Big tip here: Mix in mono. Use a dedicated plugin or just your DAW to mix in mono AT ALL TIMES. Check for pan issues, reverb drowning, instruments out of phase or vanishing away. A/B with the stereo mix.
Next similarly work on your vocals and make it come out to the front, in liaison with drums and bass. Make sure that they all 3 sound fantastic to the best you can.
Then bring in the instruments one by one and figure out which panning setup works best first. Individually remove instruments out of the way of the vocals.In that basic pan setup then start on carving a sharper picture by using EQ for each instrument. Use compression only when EQ has done its job. Using compression will change its eq curve so you can either go back and fine tune or use a post compressor EQ again of required.
When the entire mix sounds balanced to you without any limiter and still headroom left at the master bus you can add a limiter and it will blow your mind for most mixes:)
For volume based adjustments remember that slapping a compressor immediately makes anything sound subjectively better so instead just use the volume faders to balance any sound or track rather than put a compressor on each insert.
EQ, delay, compressor and reverb are all you need to make a good mix, stick with the basics first. They are your core foundations. Also hardware does some amazing magic when it comes to mixing stages:) 1950s gear are called products from the golden age of audio engineering becos those engineers had a lot of time to research what sounded good and even the components they designed reflected that patience and passion.
Another tip is to use exciters to get that oomph sound, however how you use it will determine whether it let’s the track shine or damages the mix.
Finally submit to Landr or to your Mastering engineer From my experience ‘some’ of my tracks done this way with care were told by my record label and live engineers that I sometimes work with out here that it sounds mastered already and that they don’t need to remaster it! But it takes a lot of time too, so maybe it was worth it. I am all about lo-fi and cassette these days, can’t really bother with DAWs anymore…

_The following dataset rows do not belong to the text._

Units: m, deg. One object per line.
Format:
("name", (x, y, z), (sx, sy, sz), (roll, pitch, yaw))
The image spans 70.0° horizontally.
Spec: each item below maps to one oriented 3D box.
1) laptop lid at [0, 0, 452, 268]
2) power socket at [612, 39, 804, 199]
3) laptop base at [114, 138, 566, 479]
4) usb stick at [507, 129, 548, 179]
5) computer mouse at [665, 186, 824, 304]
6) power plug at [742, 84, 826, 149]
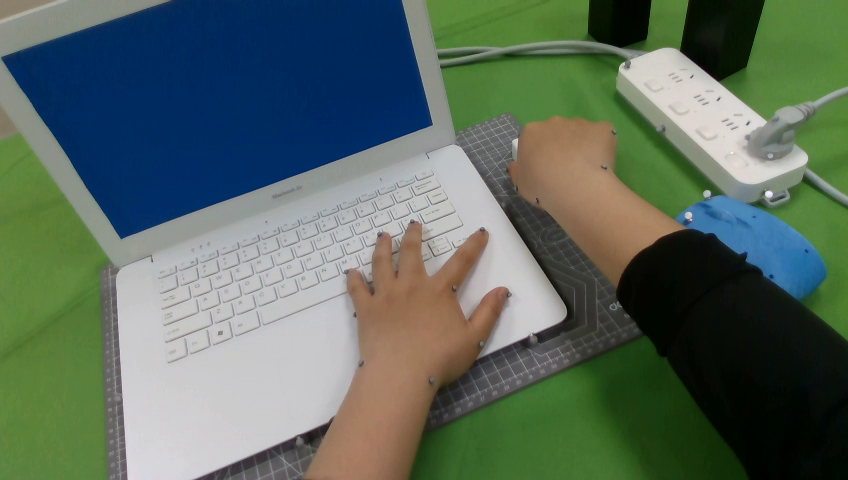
("laptop lid", (-0.159, -0.125, 0.529), (0.357, 0.244, 0.013), (-24, 38, -6))
("power socket", (0.264, -0.124, 0.585), (0.072, 0.033, 0.224), (-22, 50, -6))
("laptop base", (-0.087, 0.045, 0.527), (0.354, 0.023, 0.233), (-22, 54, -7))
("usb stick", (0.098, -0.088, 0.591), (0.021, 0.027, 0.058), (-17, 47, -10))
("computer mouse", (0.252, -0.003, 0.484), (0.063, 0.041, 0.116), (-28, 46, -9))
("power plug", (0.314, -0.098, 0.525), (0.072, 0.053, 0.035), (-14, 52, 0))

The thing about monitoring is that I did not have pro grade monitors like I have now(creative soundblasters or JBL gaming speakers and similar nonstudio gear), and also these mastering tools don’t make use of any monitoring done live obviously so it seems to me that having monitors is greatly overrated. If Mastering is indeed a technical job and not audio art anymore at that stage, your monitor is just a luxury investment. For mixing it’s very useful if response is flat, but given the gamut of variances and the amount of great works being engineered on pretty much all kinds of gear from lo for to hi fi, I am not too sold on monitoring as the primary ingredient in getting a good mix…It’s like saying that a particular type of paper will produce the best kind of art…not buying it. The painters vision and technique is what matters end of the day. Any paper good enough to paint on will do the job for you for the most part as long it does not leak the paint or smudge. Also Beethoven had no monitors and he was almost deaf, the worst engineer for any production!